The idea that the artery as a target tissue determines and regulates uptake of locally delivered drug is biologically appealing and consistent with concern raised as to the validity of evaluation of devices and drug-elution in preclinical animal models that employ normal blood vessels(14
). Though animal models cannot predict human efficacy they can be used to test mechanism of action(49
). When uninjured animal vessels are examined the extrapolation of mechanism to the clinical condition may be limited. The change in drug uptake and retention with tissue architecture and disease can begin to explain seemingly disparate findings from different clinical trials(15
). It is only when drug binding to specific tissue sites is added to transport considerations(44
) that one can account for the differential deposition and distribution of drugs of near identical molecular weight, similar lipophilicity and solubility across similar arterial tissue.
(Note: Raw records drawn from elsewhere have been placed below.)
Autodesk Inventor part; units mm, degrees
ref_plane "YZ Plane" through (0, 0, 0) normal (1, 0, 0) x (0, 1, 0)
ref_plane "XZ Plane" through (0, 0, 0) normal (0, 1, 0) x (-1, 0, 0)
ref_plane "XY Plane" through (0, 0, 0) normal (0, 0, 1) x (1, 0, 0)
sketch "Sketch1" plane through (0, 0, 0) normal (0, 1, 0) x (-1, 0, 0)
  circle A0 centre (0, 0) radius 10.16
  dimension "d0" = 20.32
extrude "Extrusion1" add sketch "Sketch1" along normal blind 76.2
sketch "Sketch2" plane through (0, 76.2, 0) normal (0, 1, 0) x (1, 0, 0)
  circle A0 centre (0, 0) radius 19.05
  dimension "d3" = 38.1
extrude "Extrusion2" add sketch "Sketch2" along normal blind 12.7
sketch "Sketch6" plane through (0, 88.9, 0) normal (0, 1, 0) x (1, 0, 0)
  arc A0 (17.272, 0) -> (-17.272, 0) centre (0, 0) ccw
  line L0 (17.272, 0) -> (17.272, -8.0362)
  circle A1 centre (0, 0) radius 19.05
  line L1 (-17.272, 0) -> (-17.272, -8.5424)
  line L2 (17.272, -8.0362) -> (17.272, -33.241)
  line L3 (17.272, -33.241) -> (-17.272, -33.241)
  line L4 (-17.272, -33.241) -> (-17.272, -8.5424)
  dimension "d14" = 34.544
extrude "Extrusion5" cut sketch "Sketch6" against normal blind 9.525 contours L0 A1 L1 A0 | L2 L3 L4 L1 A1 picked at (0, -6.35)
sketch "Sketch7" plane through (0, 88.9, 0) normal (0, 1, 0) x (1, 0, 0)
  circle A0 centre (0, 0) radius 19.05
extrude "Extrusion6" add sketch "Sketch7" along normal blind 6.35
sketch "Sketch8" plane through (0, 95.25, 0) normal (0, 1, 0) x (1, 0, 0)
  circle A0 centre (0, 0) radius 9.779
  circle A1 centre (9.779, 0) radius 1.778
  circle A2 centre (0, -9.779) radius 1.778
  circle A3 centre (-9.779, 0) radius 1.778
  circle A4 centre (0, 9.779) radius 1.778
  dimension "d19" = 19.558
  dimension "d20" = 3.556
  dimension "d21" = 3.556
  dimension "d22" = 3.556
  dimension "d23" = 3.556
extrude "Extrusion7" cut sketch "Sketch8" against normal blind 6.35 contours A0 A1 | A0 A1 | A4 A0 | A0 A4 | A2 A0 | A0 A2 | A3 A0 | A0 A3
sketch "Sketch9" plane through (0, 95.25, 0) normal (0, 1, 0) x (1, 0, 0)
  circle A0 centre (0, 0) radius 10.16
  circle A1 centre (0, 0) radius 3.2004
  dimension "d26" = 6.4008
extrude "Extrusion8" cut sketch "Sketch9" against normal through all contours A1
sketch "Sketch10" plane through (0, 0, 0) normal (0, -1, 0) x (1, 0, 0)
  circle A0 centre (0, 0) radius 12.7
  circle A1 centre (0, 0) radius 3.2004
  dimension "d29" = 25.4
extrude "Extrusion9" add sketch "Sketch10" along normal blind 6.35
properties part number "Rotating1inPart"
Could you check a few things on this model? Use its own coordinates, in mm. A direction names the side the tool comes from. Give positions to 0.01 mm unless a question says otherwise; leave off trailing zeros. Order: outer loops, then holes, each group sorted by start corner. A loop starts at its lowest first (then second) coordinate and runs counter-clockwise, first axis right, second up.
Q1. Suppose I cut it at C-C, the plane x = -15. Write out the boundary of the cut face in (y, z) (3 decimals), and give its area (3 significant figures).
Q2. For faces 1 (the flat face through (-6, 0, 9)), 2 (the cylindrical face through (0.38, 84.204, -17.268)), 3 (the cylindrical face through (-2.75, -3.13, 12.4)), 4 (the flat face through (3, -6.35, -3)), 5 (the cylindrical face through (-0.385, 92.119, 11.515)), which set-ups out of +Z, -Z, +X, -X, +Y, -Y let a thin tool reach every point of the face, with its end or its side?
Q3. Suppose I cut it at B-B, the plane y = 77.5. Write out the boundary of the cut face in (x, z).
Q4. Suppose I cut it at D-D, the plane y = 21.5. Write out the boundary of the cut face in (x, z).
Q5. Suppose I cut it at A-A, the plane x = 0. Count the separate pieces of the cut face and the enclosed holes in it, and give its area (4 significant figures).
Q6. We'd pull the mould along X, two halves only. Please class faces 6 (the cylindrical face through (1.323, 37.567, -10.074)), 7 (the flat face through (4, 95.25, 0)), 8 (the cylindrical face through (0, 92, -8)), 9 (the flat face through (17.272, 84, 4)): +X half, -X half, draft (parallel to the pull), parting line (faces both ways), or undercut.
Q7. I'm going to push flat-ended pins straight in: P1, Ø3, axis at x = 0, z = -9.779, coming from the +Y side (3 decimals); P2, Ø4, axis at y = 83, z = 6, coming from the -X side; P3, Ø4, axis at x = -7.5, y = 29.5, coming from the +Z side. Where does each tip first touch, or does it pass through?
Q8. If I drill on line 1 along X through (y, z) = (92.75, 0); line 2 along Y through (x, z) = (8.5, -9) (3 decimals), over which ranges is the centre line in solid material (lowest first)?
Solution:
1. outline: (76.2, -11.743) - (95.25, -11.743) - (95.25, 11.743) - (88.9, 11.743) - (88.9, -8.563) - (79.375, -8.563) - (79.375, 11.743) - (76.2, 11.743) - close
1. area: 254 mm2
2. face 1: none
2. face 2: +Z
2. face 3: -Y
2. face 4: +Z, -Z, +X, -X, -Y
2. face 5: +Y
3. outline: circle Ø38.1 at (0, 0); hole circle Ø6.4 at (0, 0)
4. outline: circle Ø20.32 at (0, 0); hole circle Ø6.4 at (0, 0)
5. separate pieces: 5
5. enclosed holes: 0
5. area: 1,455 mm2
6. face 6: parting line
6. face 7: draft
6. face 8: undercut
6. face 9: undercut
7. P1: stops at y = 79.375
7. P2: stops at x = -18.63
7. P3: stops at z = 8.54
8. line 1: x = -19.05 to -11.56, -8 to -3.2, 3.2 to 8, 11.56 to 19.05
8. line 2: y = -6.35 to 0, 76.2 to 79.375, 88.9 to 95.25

Binding in turn requires an understanding of the kinetics of tissue response to injury. Indeed, the specific targets of the leading drugs eluted from stents, paclitaxel and sirolimus analogs, may express more abundantly in recruited inflammatory cells than in the native artery itself. Thus, the reaction of an artery first to the initial injury, then to the vascular repair and finally to the very effect of eluted drug will in turn influence drug absorption and distribution. It is in this way that different drugs can be absorbed by the same artery differently even at identical degrees of injury, cell infiltration and lipid insudation.